Available data START
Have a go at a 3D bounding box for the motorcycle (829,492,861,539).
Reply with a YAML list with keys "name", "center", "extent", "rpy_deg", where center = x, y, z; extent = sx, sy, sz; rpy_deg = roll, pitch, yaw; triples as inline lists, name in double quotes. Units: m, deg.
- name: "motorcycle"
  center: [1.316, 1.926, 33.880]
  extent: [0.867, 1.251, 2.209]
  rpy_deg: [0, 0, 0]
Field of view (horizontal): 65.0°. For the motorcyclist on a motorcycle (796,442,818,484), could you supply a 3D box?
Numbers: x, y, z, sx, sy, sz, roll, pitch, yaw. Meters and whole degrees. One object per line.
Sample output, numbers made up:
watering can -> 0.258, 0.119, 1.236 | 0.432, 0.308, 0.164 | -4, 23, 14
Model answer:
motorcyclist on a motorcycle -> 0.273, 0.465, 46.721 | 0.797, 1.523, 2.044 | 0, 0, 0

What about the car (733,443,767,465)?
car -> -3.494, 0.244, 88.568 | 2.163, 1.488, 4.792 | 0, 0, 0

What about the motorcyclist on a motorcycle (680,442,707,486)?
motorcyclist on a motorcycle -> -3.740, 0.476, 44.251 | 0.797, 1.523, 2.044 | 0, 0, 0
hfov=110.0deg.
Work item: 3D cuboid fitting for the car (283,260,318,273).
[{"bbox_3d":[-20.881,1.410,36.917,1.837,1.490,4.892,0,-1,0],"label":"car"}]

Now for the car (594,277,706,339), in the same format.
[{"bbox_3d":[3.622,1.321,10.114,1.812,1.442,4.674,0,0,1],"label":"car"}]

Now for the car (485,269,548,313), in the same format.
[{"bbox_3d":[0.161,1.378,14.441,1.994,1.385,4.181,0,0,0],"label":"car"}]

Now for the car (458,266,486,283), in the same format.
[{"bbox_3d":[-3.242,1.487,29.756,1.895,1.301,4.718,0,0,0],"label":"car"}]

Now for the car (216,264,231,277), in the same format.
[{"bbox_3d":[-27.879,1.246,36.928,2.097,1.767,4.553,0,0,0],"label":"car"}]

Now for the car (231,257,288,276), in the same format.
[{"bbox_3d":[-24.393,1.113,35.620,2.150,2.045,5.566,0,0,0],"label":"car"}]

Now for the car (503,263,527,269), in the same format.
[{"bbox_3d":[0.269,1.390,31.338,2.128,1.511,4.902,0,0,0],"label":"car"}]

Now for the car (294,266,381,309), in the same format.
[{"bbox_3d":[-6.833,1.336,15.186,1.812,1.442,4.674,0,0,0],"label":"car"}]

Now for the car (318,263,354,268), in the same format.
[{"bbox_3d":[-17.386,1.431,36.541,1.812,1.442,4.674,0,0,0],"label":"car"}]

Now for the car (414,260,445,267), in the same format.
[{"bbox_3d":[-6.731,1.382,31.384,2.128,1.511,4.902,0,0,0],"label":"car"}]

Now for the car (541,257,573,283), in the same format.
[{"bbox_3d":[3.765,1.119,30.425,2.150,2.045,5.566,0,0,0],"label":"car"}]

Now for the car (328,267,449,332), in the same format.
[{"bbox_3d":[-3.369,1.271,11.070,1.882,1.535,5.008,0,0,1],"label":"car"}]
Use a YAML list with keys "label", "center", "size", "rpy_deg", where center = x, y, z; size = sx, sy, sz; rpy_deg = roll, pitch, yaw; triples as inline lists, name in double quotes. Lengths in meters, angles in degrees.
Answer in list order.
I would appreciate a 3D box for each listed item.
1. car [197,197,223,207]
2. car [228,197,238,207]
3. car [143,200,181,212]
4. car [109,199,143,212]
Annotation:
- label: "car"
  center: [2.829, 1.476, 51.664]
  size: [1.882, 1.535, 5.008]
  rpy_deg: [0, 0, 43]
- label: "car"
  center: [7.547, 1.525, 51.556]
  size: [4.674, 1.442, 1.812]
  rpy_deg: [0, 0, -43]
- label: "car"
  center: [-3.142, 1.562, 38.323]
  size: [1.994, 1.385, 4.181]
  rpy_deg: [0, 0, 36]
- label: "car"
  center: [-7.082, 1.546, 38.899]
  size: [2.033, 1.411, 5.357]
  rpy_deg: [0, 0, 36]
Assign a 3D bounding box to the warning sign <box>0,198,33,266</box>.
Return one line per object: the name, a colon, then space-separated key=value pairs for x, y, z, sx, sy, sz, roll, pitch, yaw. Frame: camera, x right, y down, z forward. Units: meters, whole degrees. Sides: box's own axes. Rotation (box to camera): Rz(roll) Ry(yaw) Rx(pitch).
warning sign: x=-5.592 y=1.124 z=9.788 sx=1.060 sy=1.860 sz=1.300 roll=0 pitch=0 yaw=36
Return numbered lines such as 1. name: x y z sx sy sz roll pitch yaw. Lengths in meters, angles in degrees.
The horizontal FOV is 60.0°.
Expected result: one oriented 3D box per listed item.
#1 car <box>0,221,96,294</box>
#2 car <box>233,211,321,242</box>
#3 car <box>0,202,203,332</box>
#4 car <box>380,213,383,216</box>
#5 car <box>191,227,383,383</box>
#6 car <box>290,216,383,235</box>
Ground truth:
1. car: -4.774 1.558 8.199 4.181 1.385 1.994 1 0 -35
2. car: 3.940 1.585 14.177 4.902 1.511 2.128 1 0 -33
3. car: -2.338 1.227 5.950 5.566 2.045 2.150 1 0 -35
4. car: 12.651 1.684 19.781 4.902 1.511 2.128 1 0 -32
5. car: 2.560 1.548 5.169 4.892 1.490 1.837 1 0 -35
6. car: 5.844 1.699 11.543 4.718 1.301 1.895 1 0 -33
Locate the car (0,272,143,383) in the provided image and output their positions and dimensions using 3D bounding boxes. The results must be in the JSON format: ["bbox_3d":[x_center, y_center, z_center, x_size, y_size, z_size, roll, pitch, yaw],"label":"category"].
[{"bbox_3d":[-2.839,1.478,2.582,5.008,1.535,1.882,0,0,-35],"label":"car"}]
Available data END
Task details
Working from the material above, reproduce it in full and unchanged.

Response for this exercise
Have a go at a 3D bounding box for the motorcycle (829,492,861,539).
Reply with a YAML list with keys "name", "center", "extent", "rpy_deg", where center = x, y, z; extent = sx, sy, sz; rpy_deg = roll, pitch, yaw; triples as inline lists, name in double quotes. Units: m, deg.
- name: "motorcycle"
  center: [1.316, 1.926, 33.880]
  extent: [0.867, 1.251, 2.209]
  rpy_deg: [0, 0, 0]
Field of view (horizontal): 65.0°. For the motorcyclist on a motorcycle (796,442,818,484), could you supply a 3D box?
Numbers: x, y, z, sx, sy, sz, roll, pitch, yaw. Meters and whole degrees. One object per line.
Sample output, numbers made up:
watering can -> 0.258, 0.119, 1.236 | 0.432, 0.308, 0.164 | -4, 23, 14
Model answer:
motorcyclist on a motorcycle -> 0.273, 0.465, 46.721 | 0.797, 1.523, 2.044 | 0, 0, 0

What about the car (733,443,767,465)?
car -> -3.494, 0.244, 88.568 | 2.163, 1.488, 4.792 | 0, 0, 0

What about the motorcyclist on a motorcycle (680,442,707,486)?
motorcyclist on a motorcycle -> -3.740, 0.476, 44.251 | 0.797, 1.523, 2.044 | 0, 0, 0
hfov=110.0deg.
Work item: 3D cuboid fitting for the car (283,260,318,273).
[{"bbox_3d":[-20.881,1.410,36.917,1.837,1.490,4.892,0,-1,0],"label":"car"}]

Now for the car (594,277,706,339), in the same format.
[{"bbox_3d":[3.622,1.321,10.114,1.812,1.442,4.674,0,0,1],"label":"car"}]

Now for the car (485,269,548,313), in the same format.
[{"bbox_3d":[0.161,1.378,14.441,1.994,1.385,4.181,0,0,0],"label":"car"}]

Now for the car (458,266,486,283), in the same format.
[{"bbox_3d":[-3.242,1.487,29.756,1.895,1.301,4.718,0,0,0],"label":"car"}]

Now for the car (216,264,231,277), in the same format.
[{"bbox_3d":[-27.879,1.246,36.928,2.097,1.767,4.553,0,0,0],"label":"car"}]

Now for the car (231,257,288,276), in the same format.
[{"bbox_3d":[-24.393,1.113,35.620,2.150,2.045,5.566,0,0,0],"label":"car"}]

Now for the car (503,263,527,269), in the same format.
[{"bbox_3d":[0.269,1.390,31.338,2.128,1.511,4.902,0,0,0],"label":"car"}]

Now for the car (294,266,381,309), in the same format.
[{"bbox_3d":[-6.833,1.336,15.186,1.812,1.442,4.674,0,0,0],"label":"car"}]

Now for the car (318,263,354,268), in the same format.
[{"bbox_3d":[-17.386,1.431,36.541,1.812,1.442,4.674,0,0,0],"label":"car"}]

Now for the car (414,260,445,267), in the same format.
[{"bbox_3d":[-6.731,1.382,31.384,2.128,1.511,4.902,0,0,0],"label":"car"}]

Now for the car (541,257,573,283), in the same format.
[{"bbox_3d":[3.765,1.119,30.425,2.150,2.045,5.566,0,0,0],"label":"car"}]

Now for the car (328,267,449,332), in the same format.
[{"bbox_3d":[-3.369,1.271,11.070,1.882,1.535,5.008,0,0,1],"label":"car"}]
Use a YAML list with keys "label", "center", "size", "rpy_deg", where center = x, y, z; size = sx, sy, sz; rpy_deg = roll, pitch, yaw; triples as inline lists, name in double quotes. Lengths in meters, angles in degrees.
Answer in list order.
I would appreciate a 3D box for each listed item.
1. car [197,197,223,207]
2. car [228,197,238,207]
3. car [143,200,181,212]
4. car [109,199,143,212]
Annotation:
- label: "car"
  center: [2.829, 1.476, 51.664]
  size: [1.882, 1.535, 5.008]
  rpy_deg: [0, 0, 43]
- label: "car"
  center: [7.547, 1.525, 51.556]
  size: [4.674, 1.442, 1.812]
  rpy_deg: [0, 0, -43]
- label: "car"
  center: [-3.142, 1.562, 38.323]
  size: [1.994, 1.385, 4.181]
  rpy_deg: [0, 0, 36]
- label: "car"
  center: [-7.082, 1.546, 38.899]
  size: [2.033, 1.411, 5.357]
  rpy_deg: [0, 0, 36]
Assign a 3D bounding box to the warning sign <box>0,198,33,266</box>.
Return one line per object: the name, a colon, then space-separated key=value pairs for x, y, z, sx, sy, sz, roll, pitch, yaw. Frame: camera, x right, y down, z forward. Units: meters, whole degrees. Sides: box's own axes. Rotation (box to camera): Rz(roll) Ry(yaw) Rx(pitch).
warning sign: x=-5.592 y=1.124 z=9.788 sx=1.060 sy=1.860 sz=1.300 roll=0 pitch=0 yaw=36
Return numbered lines such as 1. name: x y z sx sy sz roll pitch yaw. Lengths in meters, angles in degrees.
The horizontal FOV is 60.0°.
Expected result: one oriented 3D box per listed item.
#1 car <box>0,221,96,294</box>
#2 car <box>233,211,321,242</box>
#3 car <box>0,202,203,332</box>
#4 car <box>380,213,383,216</box>
#5 car <box>191,227,383,383</box>
#6 car <box>290,216,383,235</box>
Ground truth:
1. car: -4.774 1.558 8.199 4.181 1.385 1.994 1 0 -35
2. car: 3.940 1.585 14.177 4.902 1.511 2.128 1 0 -33
3. car: -2.338 1.227 5.950 5.566 2.045 2.150 1 0 -35
4. car: 12.651 1.684 19.781 4.902 1.511 2.128 1 0 -32
5. car: 2.560 1.548 5.169 4.892 1.490 1.837 1 0 -35
6. car: 5.844 1.699 11.543 4.718 1.301 1.895 1 0 -33
Locate the car (0,272,143,383) in the provided image and output their positions and dimensions using 3D bounding boxes. The results must be in the JSON format: ["bbox_3d":[x_center, y_center, z_center, x_size, y_size, z_size, roll, pitch, yaw],"label":"category"].
[{"bbox_3d":[-2.839,1.478,2.582,5.008,1.535,1.882,0,0,-35],"label":"car"}]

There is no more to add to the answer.